About the Instructors
Dr. Daniel Takabi is an Associate Professor in the Department of Computer Science at Georgia State University where he directs the INformation Security and Privacy: Interdisciplinary Research and Education (INSPIRE) Lab. He received his PhD from University of Pittsburgh in 2013. His research interests span a wide range of topics in cybersecurity and privacy including secure privacy preserving machine learning, advanced access control models, insider threats, and usable security and privacy. He has published a book, three book chapters and more than 100 papers in renowned conferences and journals and is recipient of several best paper awards and best poster award. Dr. Takabi serves on organizing/ program committee of several top security conferences including ACM CCS, IEEE Security and Privacy, ACM CODASPY, and ACSAC. He is a member of IAPP, ACM, and IEEE.

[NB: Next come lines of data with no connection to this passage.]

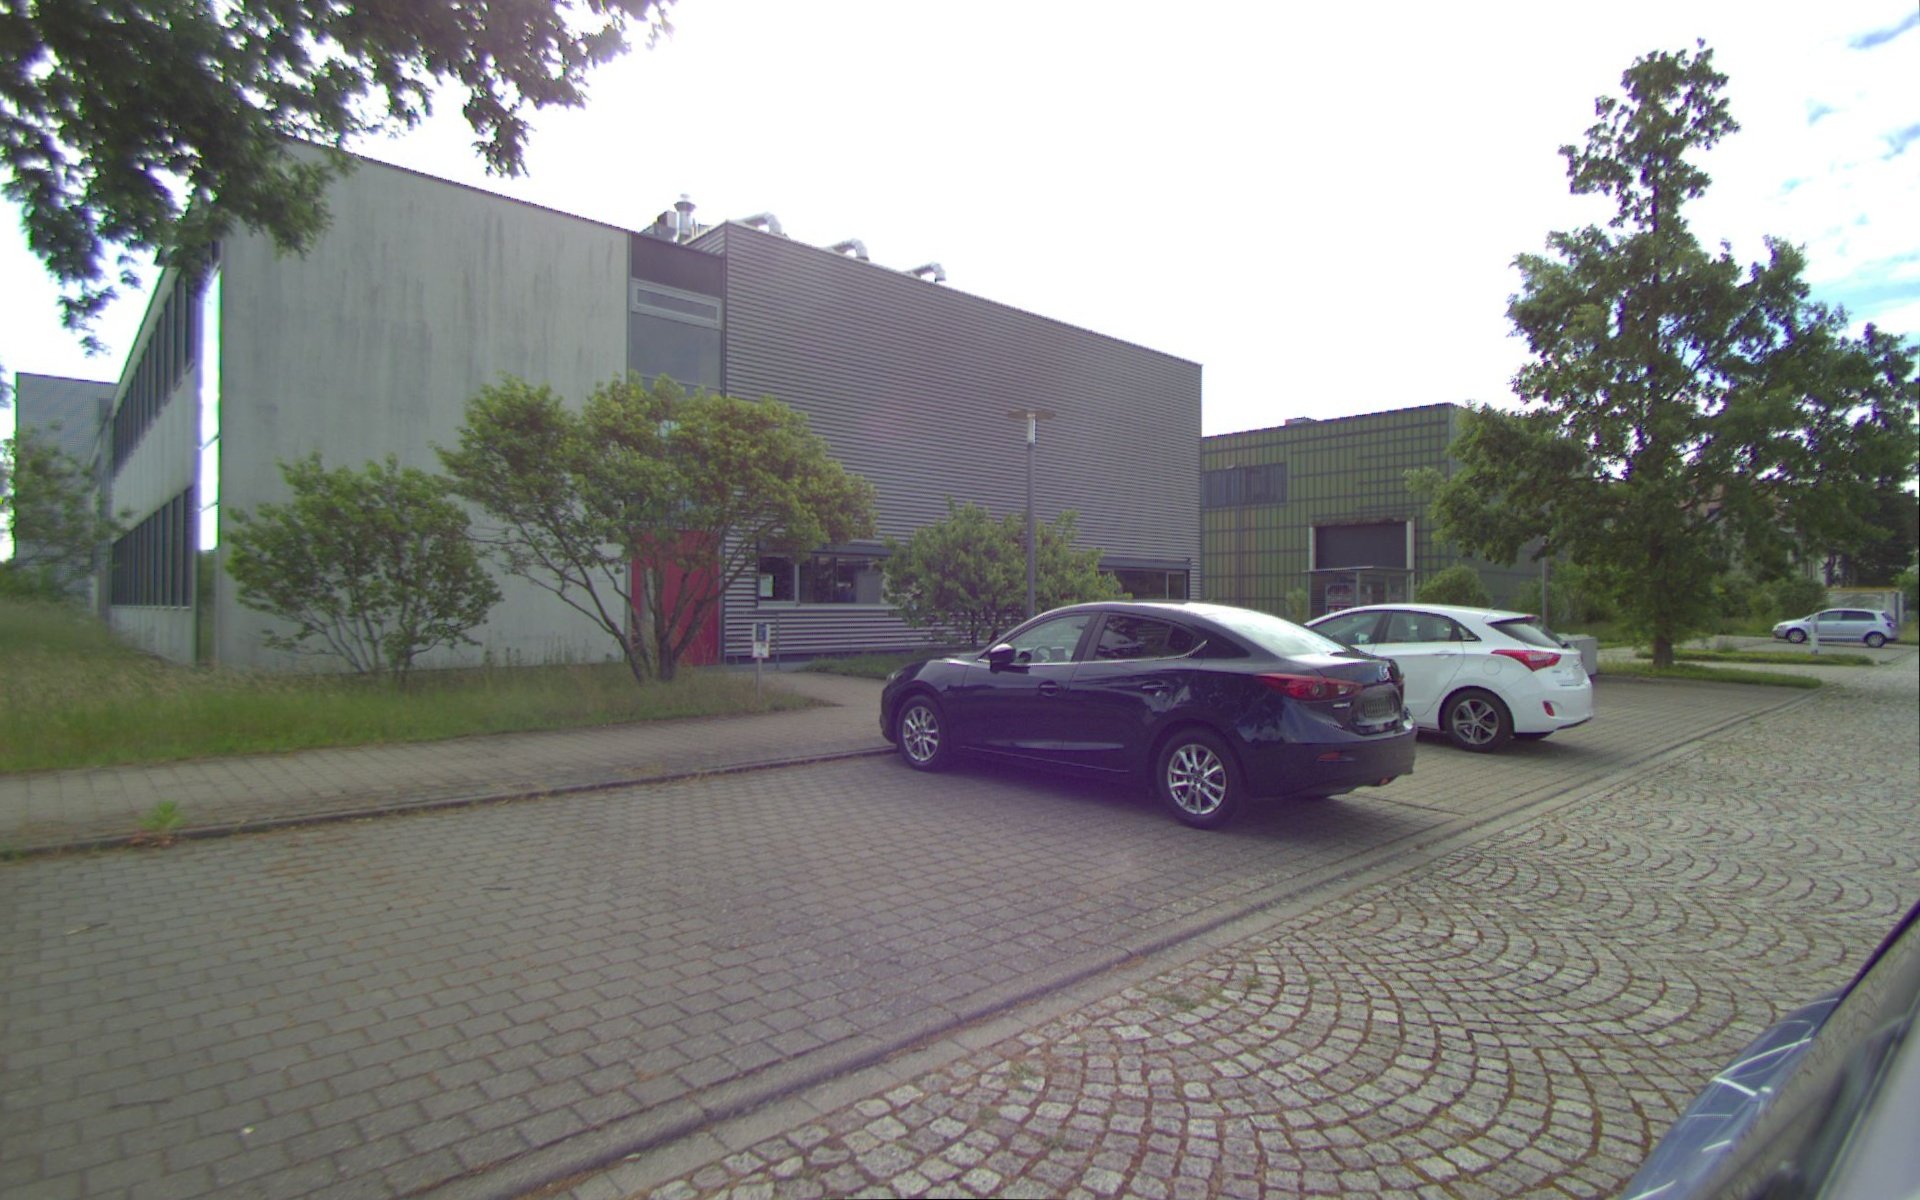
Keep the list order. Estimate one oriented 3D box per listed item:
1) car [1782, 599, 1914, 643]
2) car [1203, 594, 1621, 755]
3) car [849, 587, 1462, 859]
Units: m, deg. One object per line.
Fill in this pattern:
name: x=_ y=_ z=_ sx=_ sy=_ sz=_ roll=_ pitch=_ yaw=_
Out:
car: x=37.747 y=0.853 z=43.093 sx=4.123 sy=1.645 sz=1.908 roll=2 pitch=2 yaw=45
car: x=4.996 y=0.694 z=11.565 sx=1.851 sy=1.485 sz=3.980 roll=1 pitch=0 yaw=-43
car: x=1.243 y=0.673 z=7.959 sx=1.912 sy=1.465 sz=4.468 roll=1 pitch=1 yaw=-43
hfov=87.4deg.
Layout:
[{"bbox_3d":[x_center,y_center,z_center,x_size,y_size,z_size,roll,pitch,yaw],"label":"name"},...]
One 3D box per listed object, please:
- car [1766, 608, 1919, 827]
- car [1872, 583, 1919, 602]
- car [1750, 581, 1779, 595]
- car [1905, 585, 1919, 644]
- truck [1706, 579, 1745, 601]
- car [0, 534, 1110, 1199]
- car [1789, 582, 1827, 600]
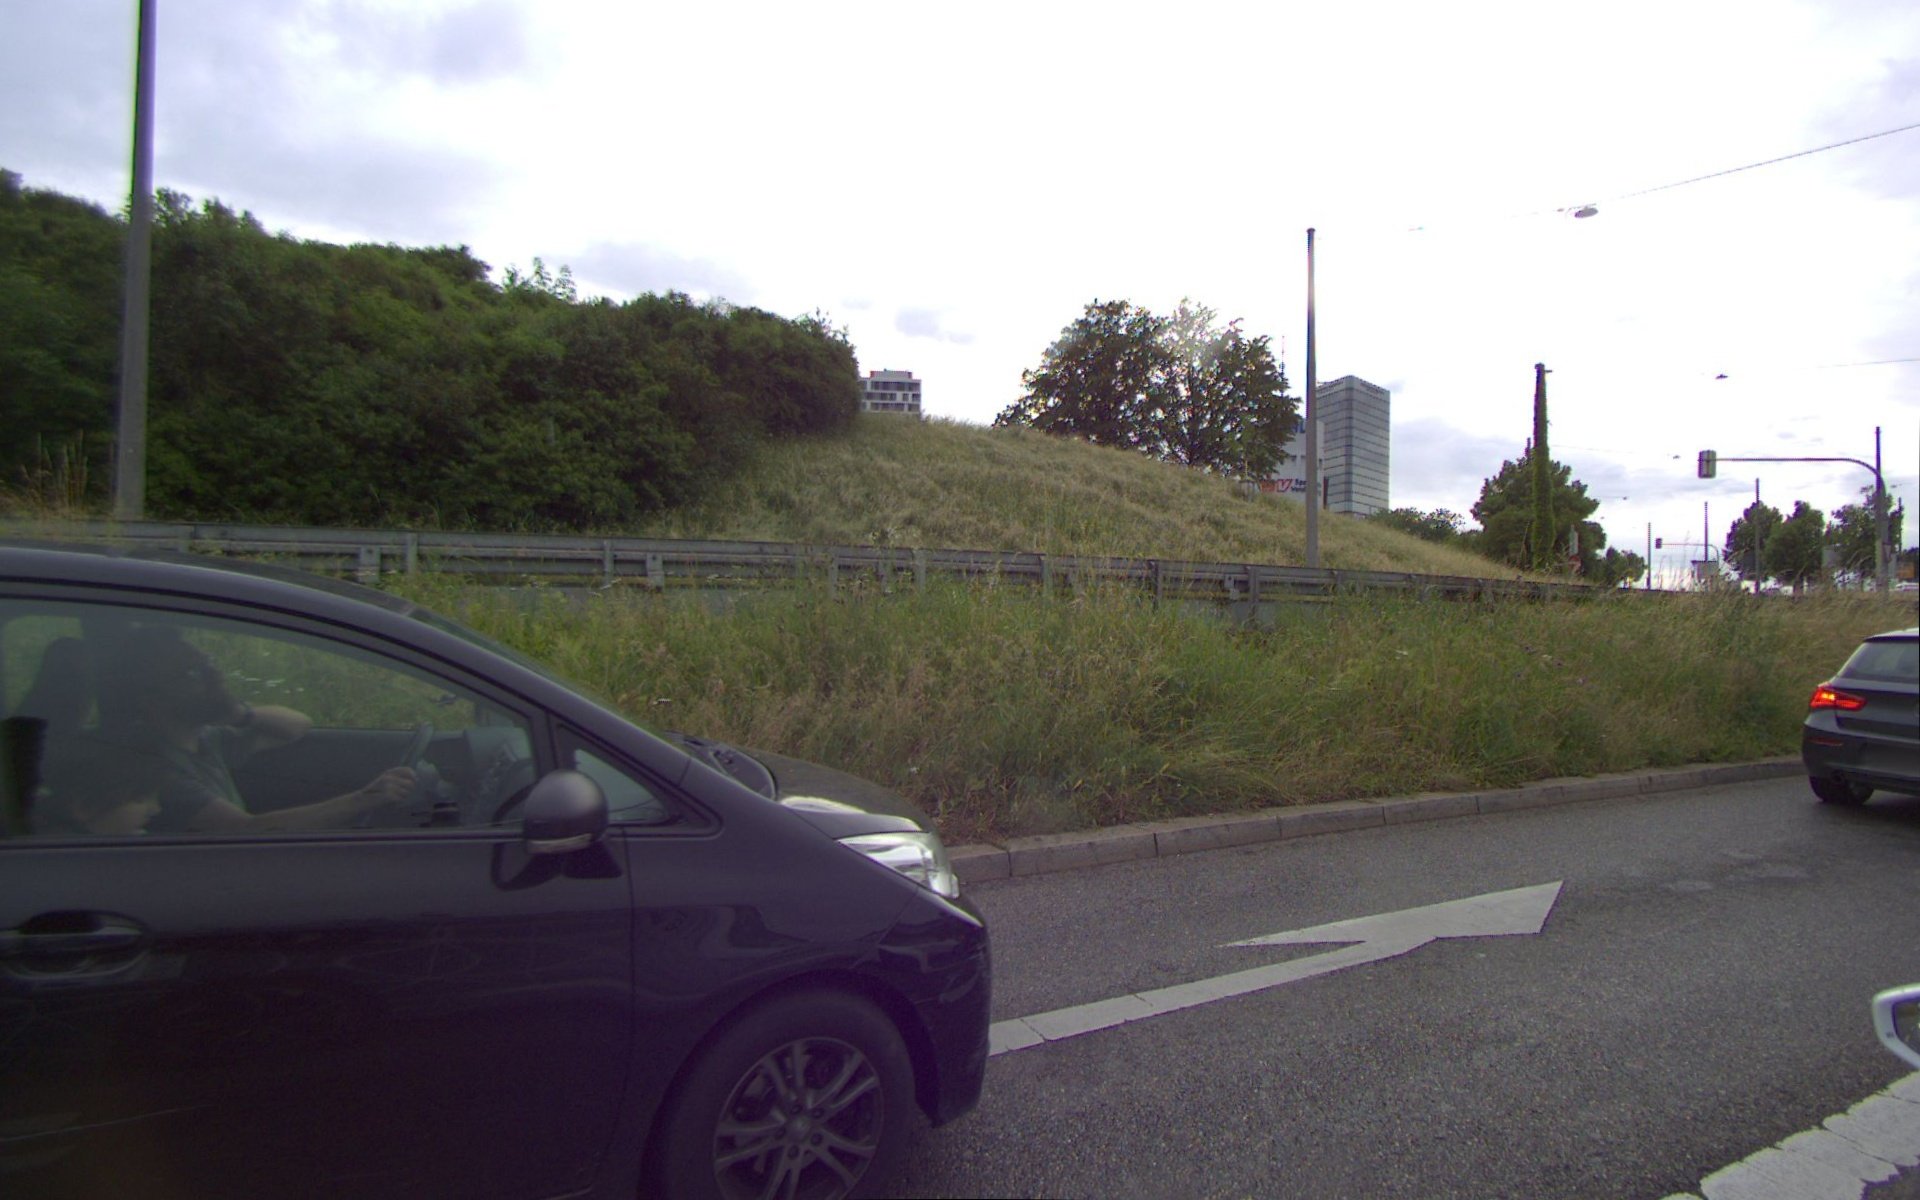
[{"bbox_3d":[8.321,0.828,7.721,4.058,1.479,1.698,1,-1,-25],"label":"car"},{"bbox_3d":[81.392,-0.607,87.264,1.962,1.497,4.417,2,-1,25],"label":"car"},{"bbox_3d":[105.138,-1.548,131.313,1.962,1.681,4.541,2,-1,25],"label":"car"},{"bbox_3d":[28.672,0.474,26.905,4.437,1.642,1.999,2,0,23],"label":"car"},{"bbox_3d":[116.825,-1.609,153.412,3.206,3.116,6.171,4,3,23],"label":"truck"},{"bbox_3d":[-1.648,0.633,2.356,3.734,1.525,1.634,1,2,-30],"label":"car"},{"bbox_3d":[94.015,-1.015,111.380,2.096,1.818,4.736,2,-1,26],"label":"car"}]
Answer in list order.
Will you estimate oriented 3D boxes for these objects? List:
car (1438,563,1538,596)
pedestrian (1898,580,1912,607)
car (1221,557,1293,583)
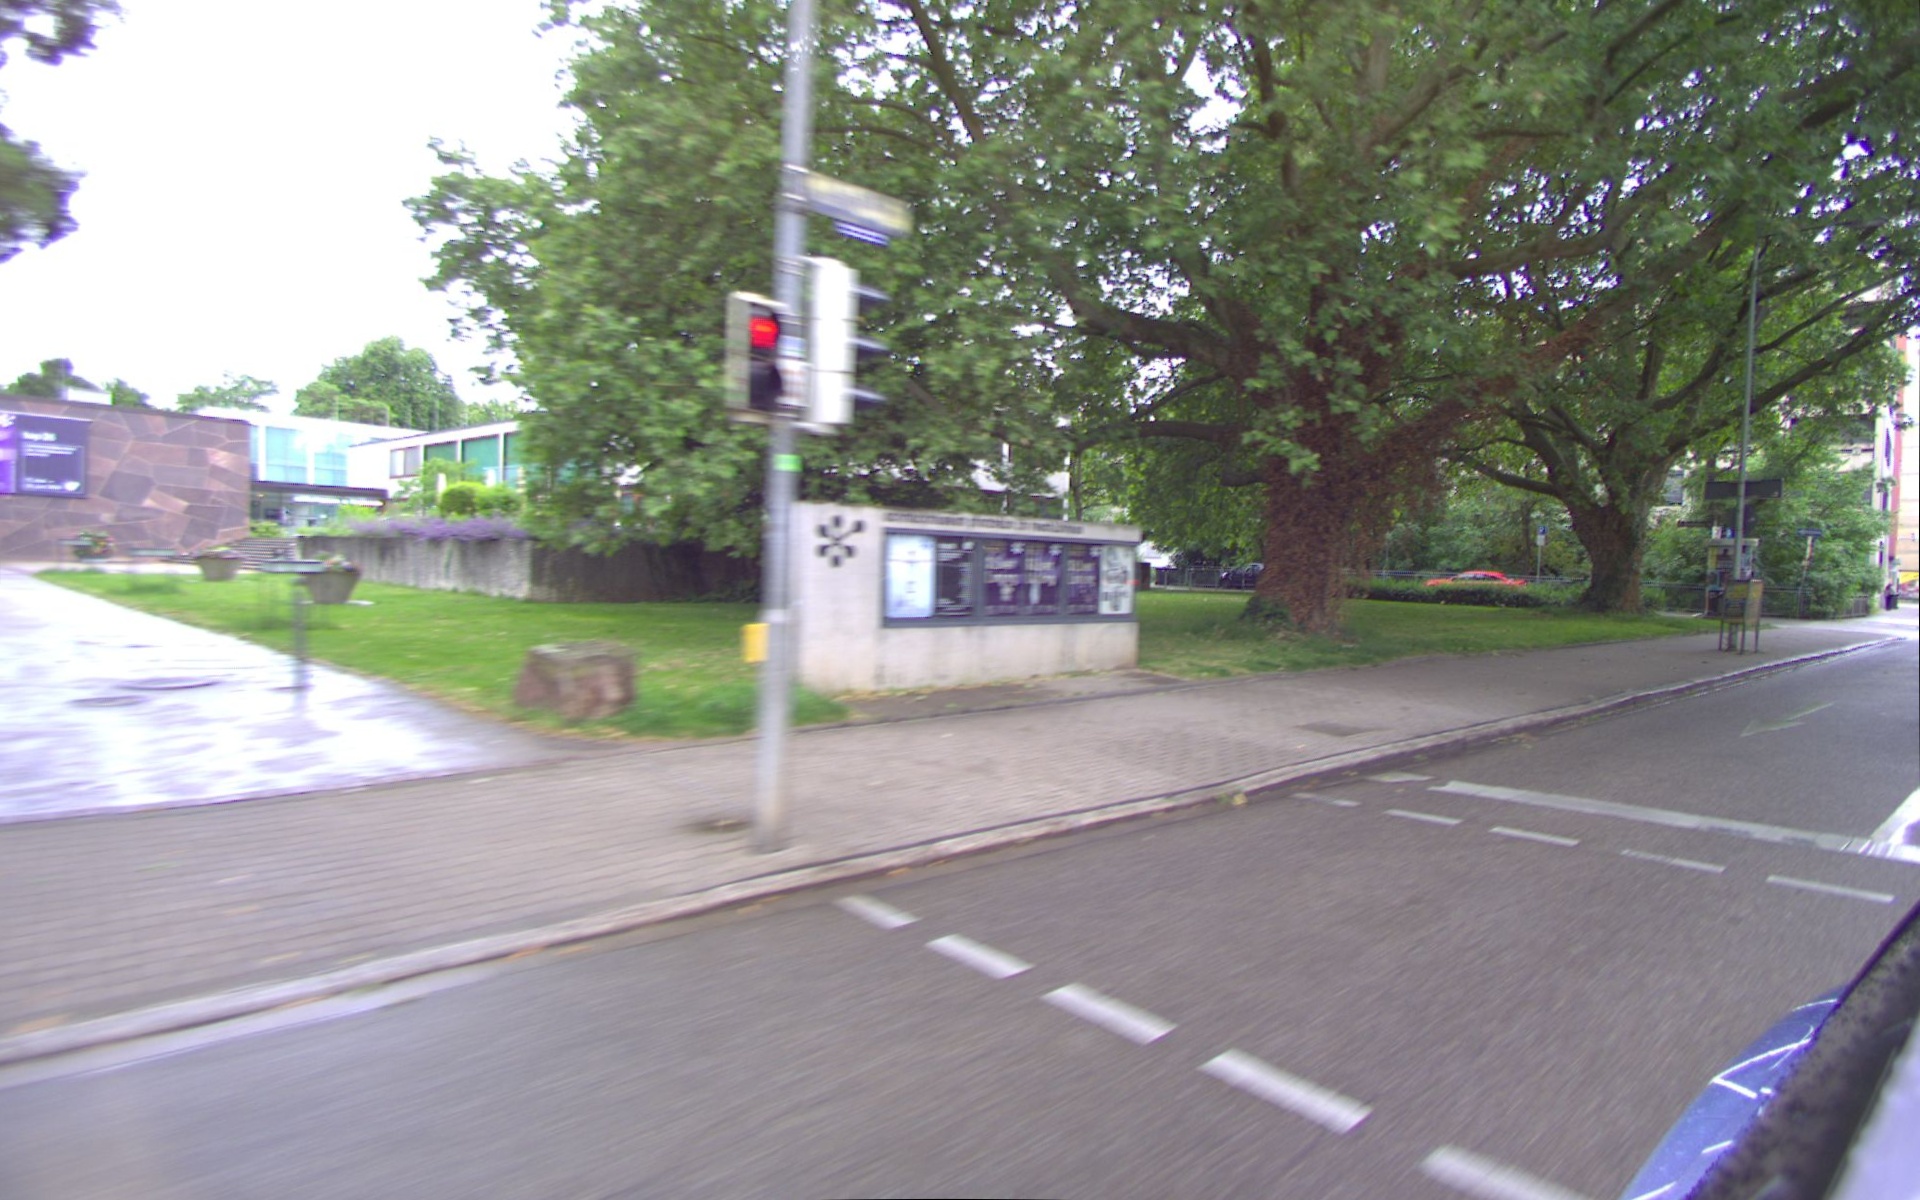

Mr. Robert Podschwadt is a PhD student in computer science at Georgia State University, where his research focuses on machine learning for cybersecurity, and particularly on attacking and defending machine learning systems from adversarial examples. His Master’s thesis (2012, Hochschule der Medien, Stuttgart, Germany) presented innovations in GPU-aided machine learning with applications to energy grid management. Before starting the PhD program, Mr. Podschwadt worked for Sirrix, now Rohde & Schwarz Cybersecurity, where he designed and developed cybersecurity products for industry.